EXERCISE: Your copy should match the records exactly, except that no pictures appear in it.

LISTED ENTRIES:

______

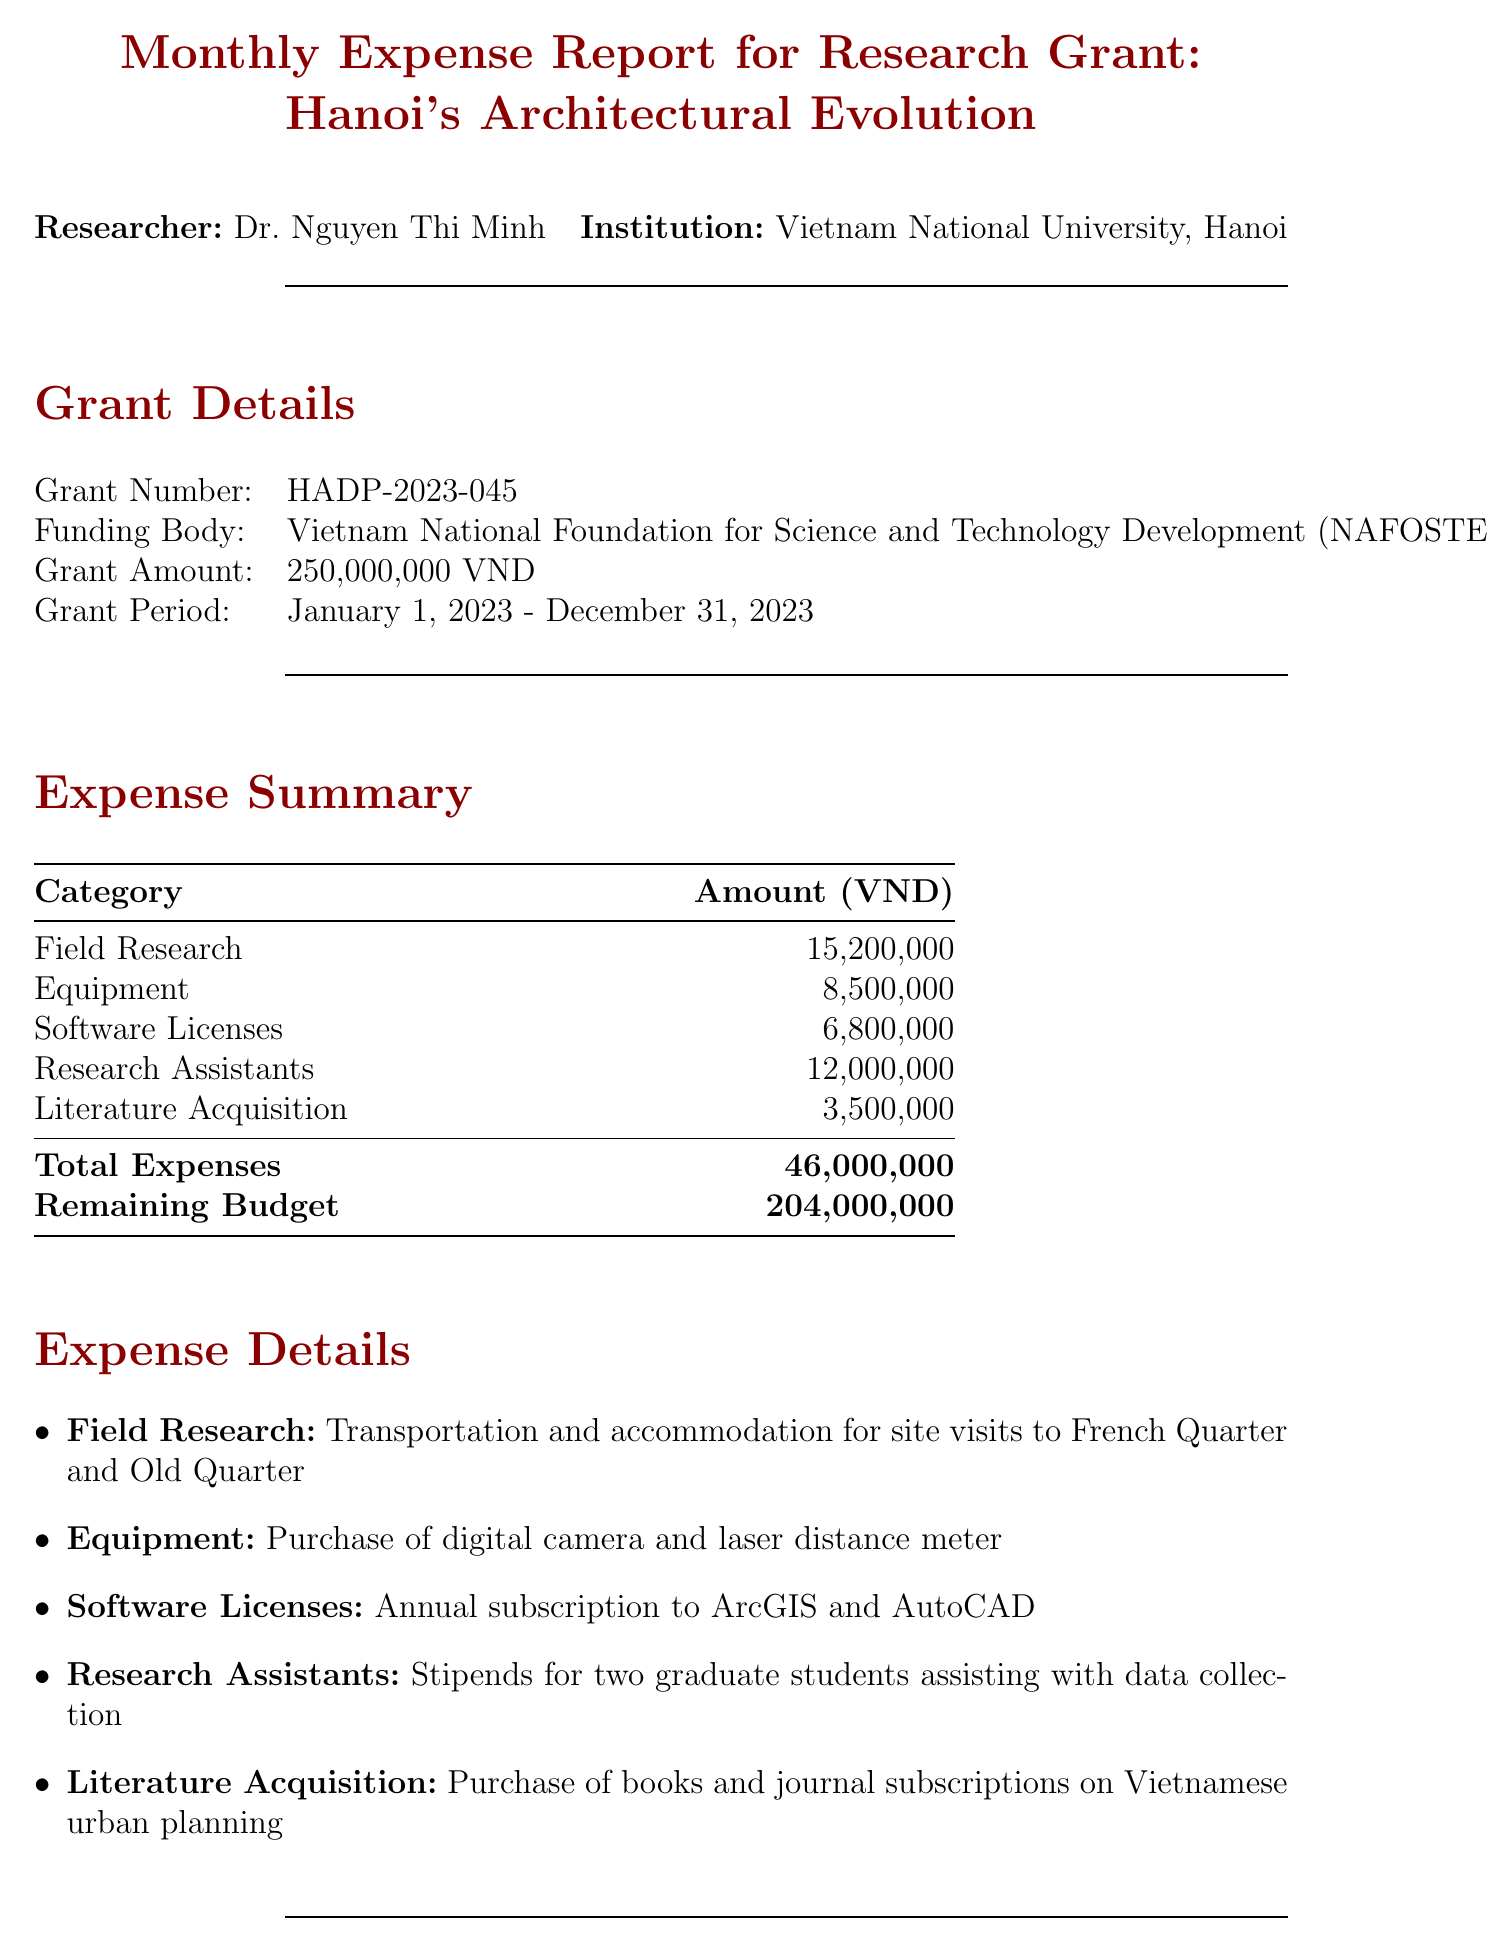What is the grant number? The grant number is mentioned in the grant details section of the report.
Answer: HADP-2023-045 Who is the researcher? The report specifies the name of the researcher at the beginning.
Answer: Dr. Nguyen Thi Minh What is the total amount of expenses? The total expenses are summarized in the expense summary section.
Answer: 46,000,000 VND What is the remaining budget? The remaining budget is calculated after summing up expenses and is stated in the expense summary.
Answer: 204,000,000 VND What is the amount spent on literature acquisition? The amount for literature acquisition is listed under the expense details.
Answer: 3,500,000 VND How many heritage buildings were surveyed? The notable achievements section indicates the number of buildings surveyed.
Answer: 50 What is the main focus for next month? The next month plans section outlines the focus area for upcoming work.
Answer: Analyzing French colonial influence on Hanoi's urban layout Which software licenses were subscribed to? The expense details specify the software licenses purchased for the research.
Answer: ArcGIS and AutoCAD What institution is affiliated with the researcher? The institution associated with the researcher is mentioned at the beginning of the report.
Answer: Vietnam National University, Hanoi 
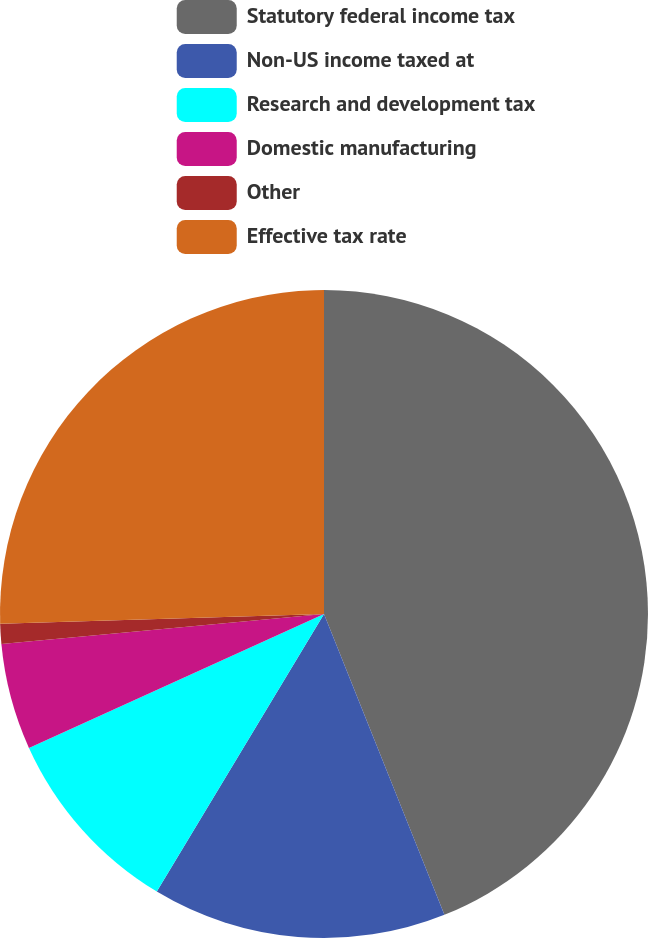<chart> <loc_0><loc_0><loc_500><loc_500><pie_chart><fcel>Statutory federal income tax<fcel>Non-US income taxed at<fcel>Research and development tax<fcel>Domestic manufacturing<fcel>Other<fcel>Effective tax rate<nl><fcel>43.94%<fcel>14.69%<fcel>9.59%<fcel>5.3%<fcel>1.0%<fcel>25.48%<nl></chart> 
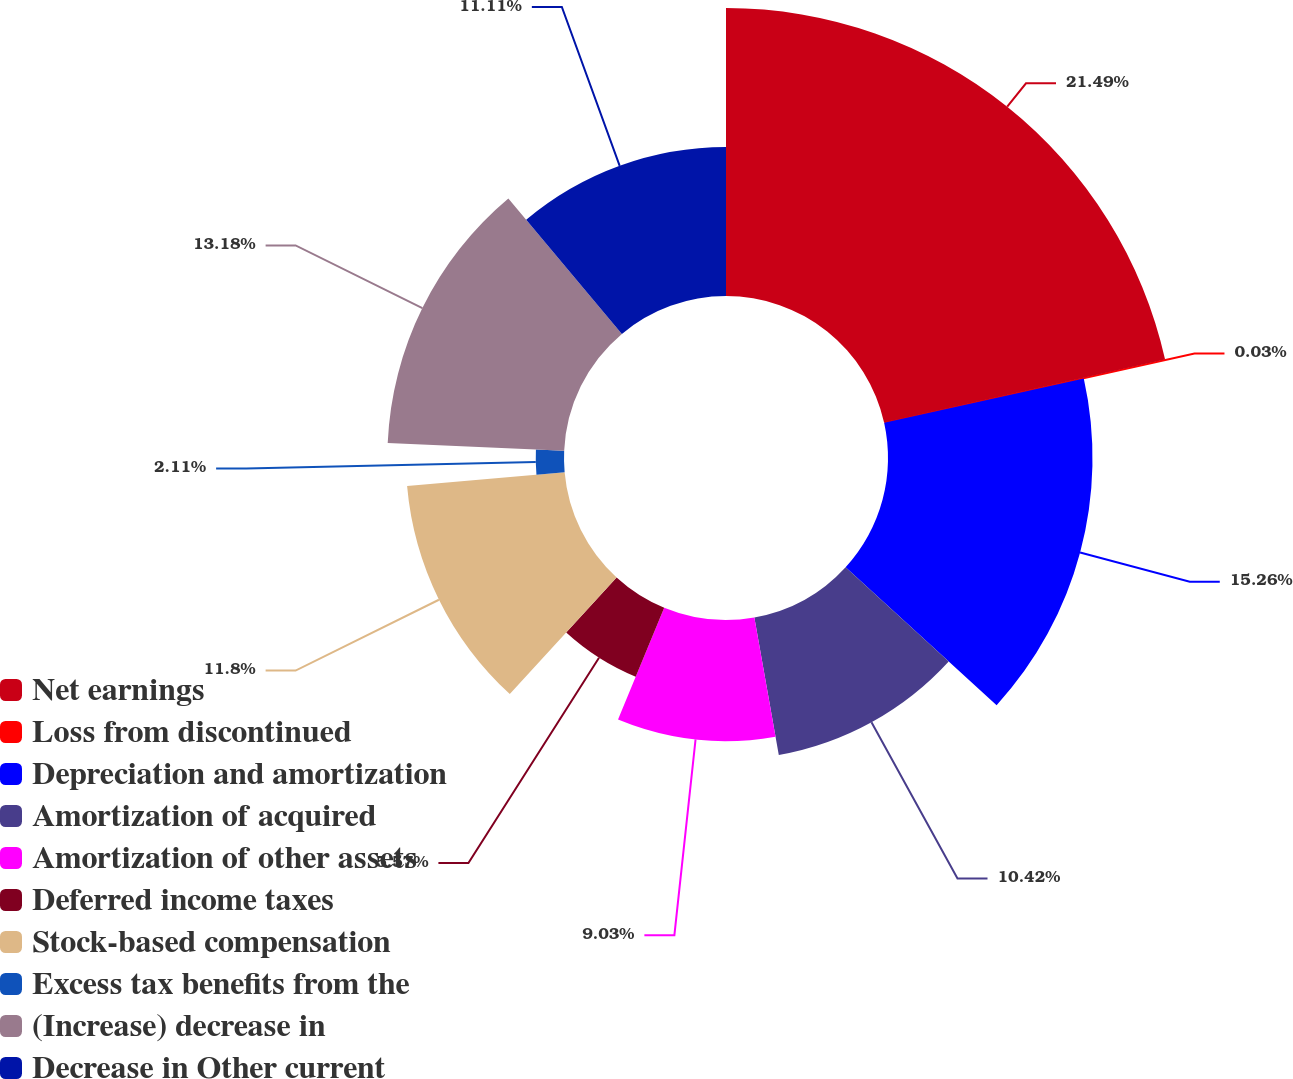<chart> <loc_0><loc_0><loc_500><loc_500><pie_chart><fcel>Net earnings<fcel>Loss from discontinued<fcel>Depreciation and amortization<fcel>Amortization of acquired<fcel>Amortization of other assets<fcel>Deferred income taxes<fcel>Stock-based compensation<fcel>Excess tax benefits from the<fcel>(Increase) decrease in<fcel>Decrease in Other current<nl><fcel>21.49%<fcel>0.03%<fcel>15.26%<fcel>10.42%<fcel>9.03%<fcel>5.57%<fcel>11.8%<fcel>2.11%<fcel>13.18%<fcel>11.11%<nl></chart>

______

SOLVED PROBLEM:
What is the grant number? The grant number is mentioned in the grant details section of the report.
Answer: HADP-2023-045 Who is the researcher? The report specifies the name of the researcher at the beginning.
Answer: Dr. Nguyen Thi Minh What is the total amount of expenses? The total expenses are summarized in the expense summary section.
Answer: 46,000,000 VND What is the remaining budget? The remaining budget is calculated after summing up expenses and is stated in the expense summary.
Answer: 204,000,000 VND What is the amount spent on literature acquisition? The amount for literature acquisition is listed under the expense details.
Answer: 3,500,000 VND How many heritage buildings were surveyed? The notable achievements section indicates the number of buildings surveyed.
Answer: 50 What is the main focus for next month? The next month plans section outlines the focus area for upcoming work.
Answer: Analyzing French colonial influence on Hanoi's urban layout Which software licenses were subscribed to? The expense details specify the software licenses purchased for the research.
Answer: ArcGIS and AutoCAD What institution is affiliated with the researcher? The institution associated with the researcher is mentioned at the beginning of the report.
Answer: Vietnam National University, Hanoi 
<chart> <loc_0><loc_0><loc_500><loc_500><pie_chart><fcel>Statutory federal income tax<fcel>Non-US income taxed at<fcel>Research and development tax<fcel>Domestic manufacturing<fcel>Other<fcel>Effective tax rate<nl><fcel>43.94%<fcel>14.69%<fcel>9.59%<fcel>5.3%<fcel>1.0%<fcel>25.48%<nl></chart> 
<chart> <loc_0><loc_0><loc_500><loc_500><pie_chart><fcel>Net earnings<fcel>Loss from discontinued<fcel>Depreciation and amortization<fcel>Amortization of acquired<fcel>Amortization of other assets<fcel>Deferred income taxes<fcel>Stock-based compensation<fcel>Excess tax benefits from the<fcel>(Increase) decrease in<fcel>Decrease in Other current<nl><fcel>21.49%<fcel>0.03%<fcel>15.26%<fcel>10.42%<fcel>9.03%<fcel>5.57%<fcel>11.8%<fcel>2.11%<fcel>13.18%<fcel>11.11%<nl></chart>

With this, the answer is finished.